In a virtual meeting, the Standing Committee on Finance met with National Treasury and the South African Revenue Services to be briefed on the amendment of South Africas tax treaties with Germany, Eswatini and Switzerland, and the formal ratification of the Kuwait Double Taxation Agreement.

The Committee was informed that the signatures and internal process for the Kuwait tax treaty experienced delays, and therefore the formal ratification of the Kuwait Double Taxation Agreement could not yet proceed.

National Treasury explained the purpose and protocol of tax treaties: Tax treaties are mainly to eliminate double taxation for the partner countries. Secondly, they provide certainty on when and how tax is to be imposed in a country. Thirdly, they help with tax collection between the tax authorities of the two countries, and mitigate tax evasion.

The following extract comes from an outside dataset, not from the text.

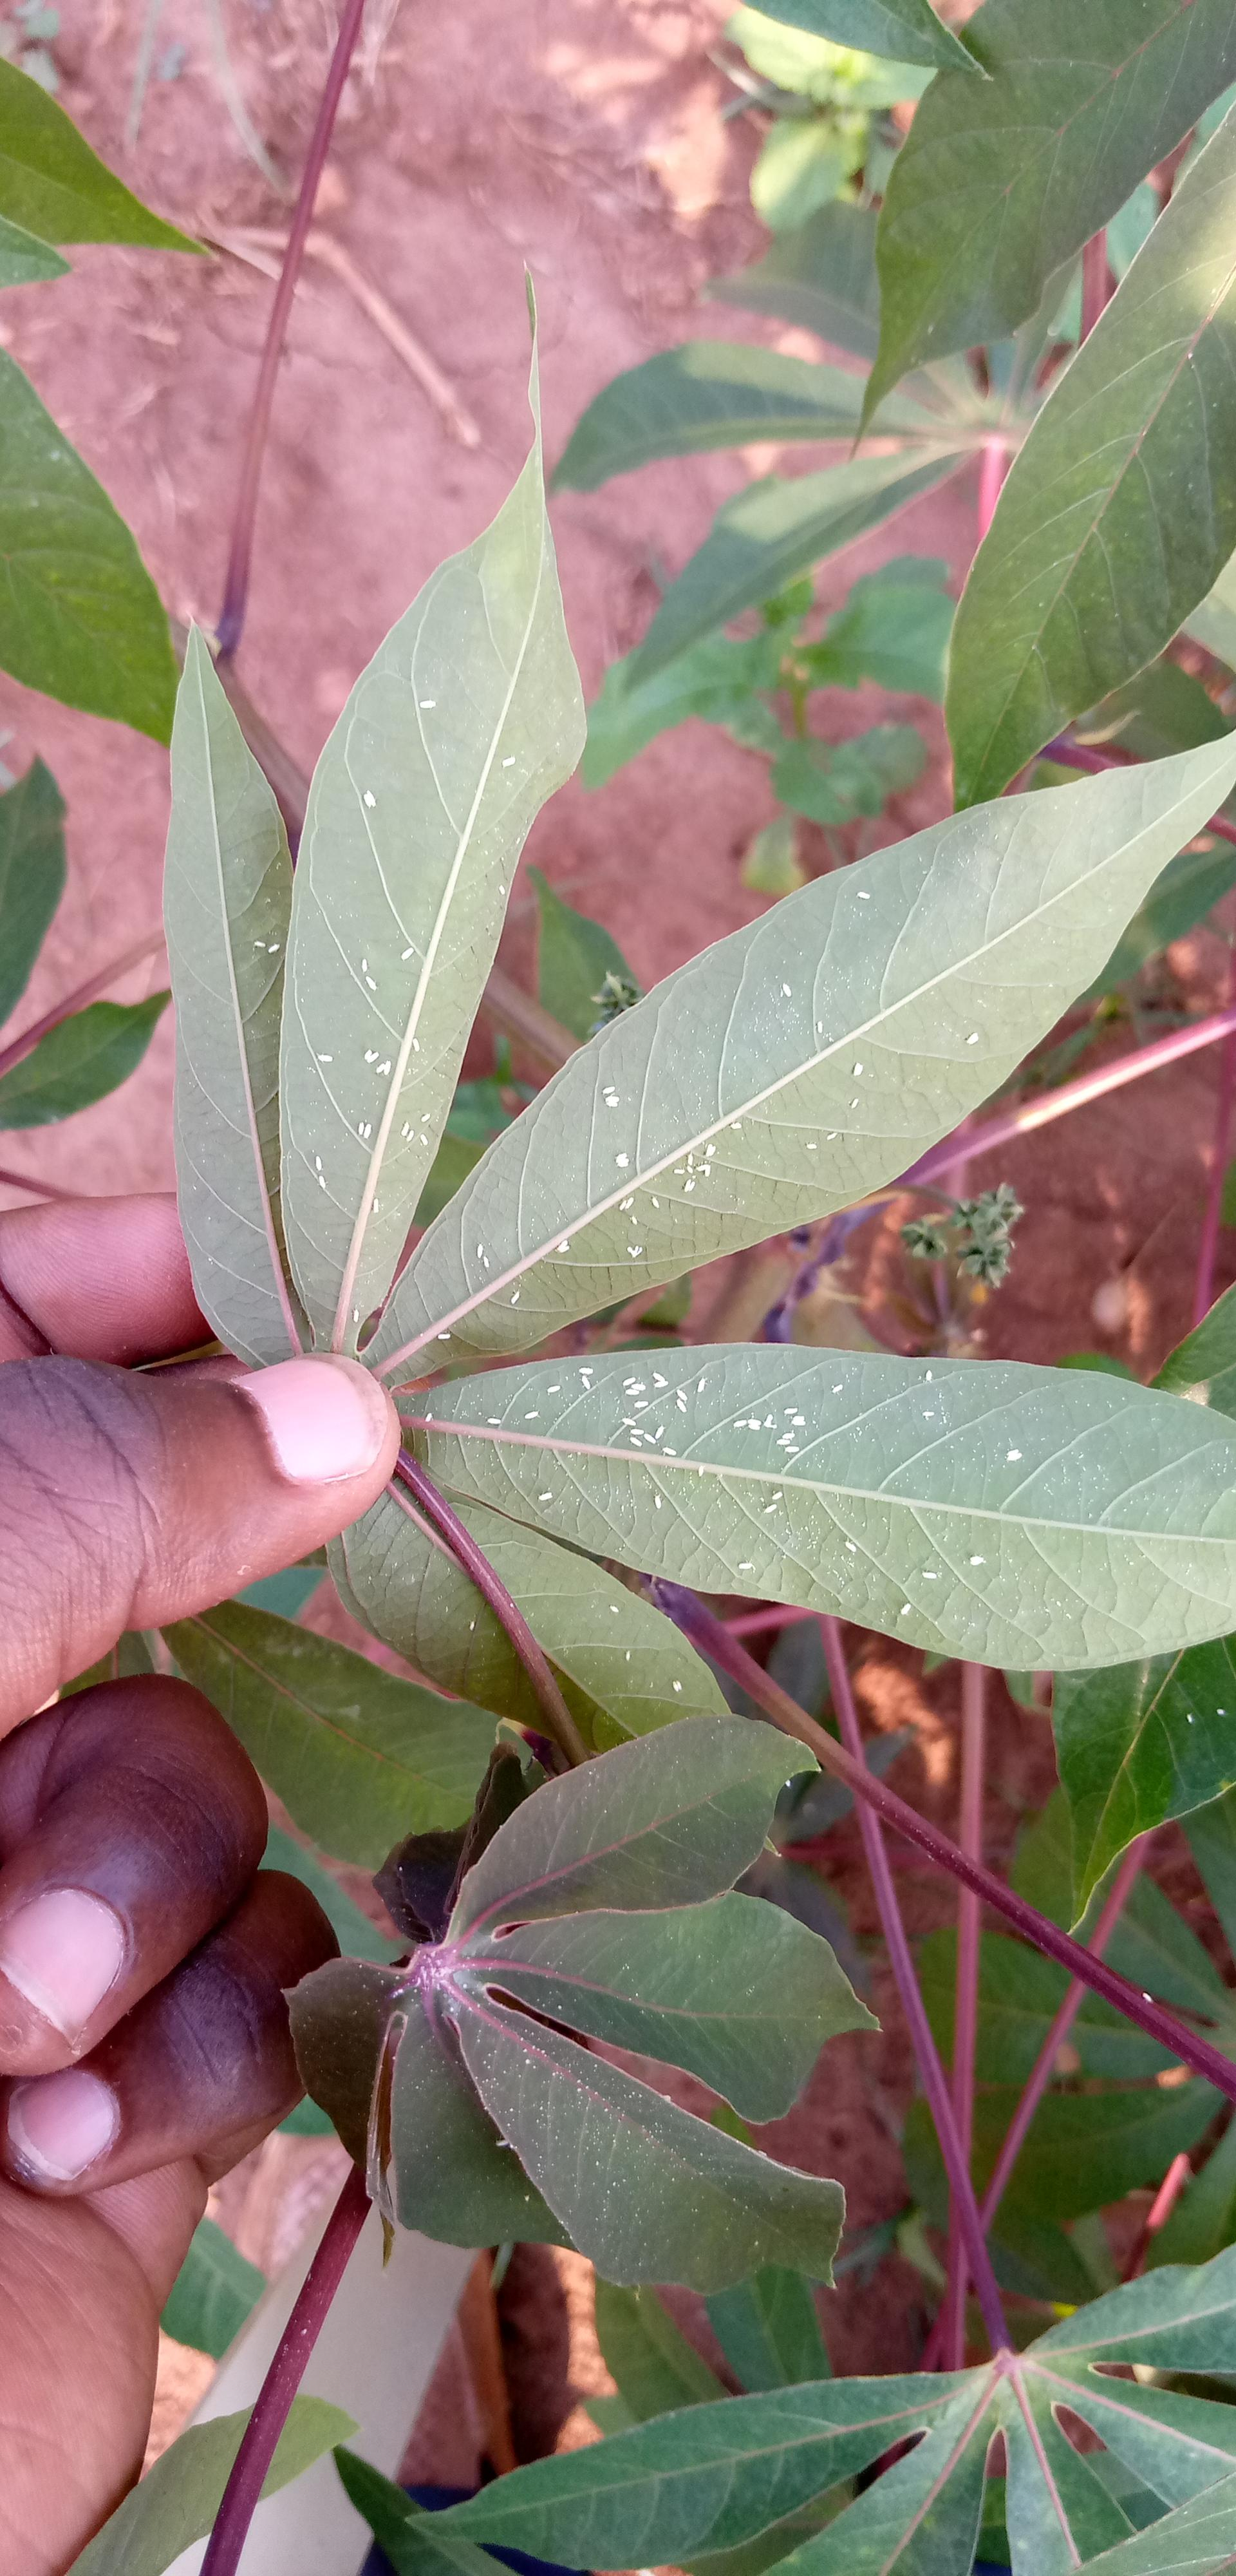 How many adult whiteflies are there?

114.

The South African Revenue Services highlighted the proposed amendments to tax treaties with Germany, Eswatini and Switzerland.

South Africa’s tax treaty with Germany first came into force in 1975. The amendments now seek to address Base Erosion and Profit Shifting (BEPS), often employed by companies to lower their taxation by shifting profits from a higher tax jurisdiction to a lower tax jurisdiction.

South Africa's treaty with Eswatini (previously Swaziland) came into force in 2005. The amendments account for Eswatini's name.

South Africa's first tax treaty with Switzerland came into force in 1968. The amendments seek to address taxation of dividends, royalties and pensions.

Overall, the amendments to tax treaties authorises exchange of information concerning taxes of every kind and description.

After this briefing with the Committee, the next step is the signing of the tax treaties done by a Minister, designated by the President. Thereafter, National Treasury will brief the Committee on the ratification of the tax treaties.

Meeting report

The Chairperson asked that the Committee proceed with the briefing by National Treasury (NT) and the South African Revenue Services (SARS) on the Germany, Eswatini and Switzerland Double Taxation Agreement (DTA) and the formal ratification of the Kuwait Double Taxation Agreement (DTA). He asked who would lead the presentation.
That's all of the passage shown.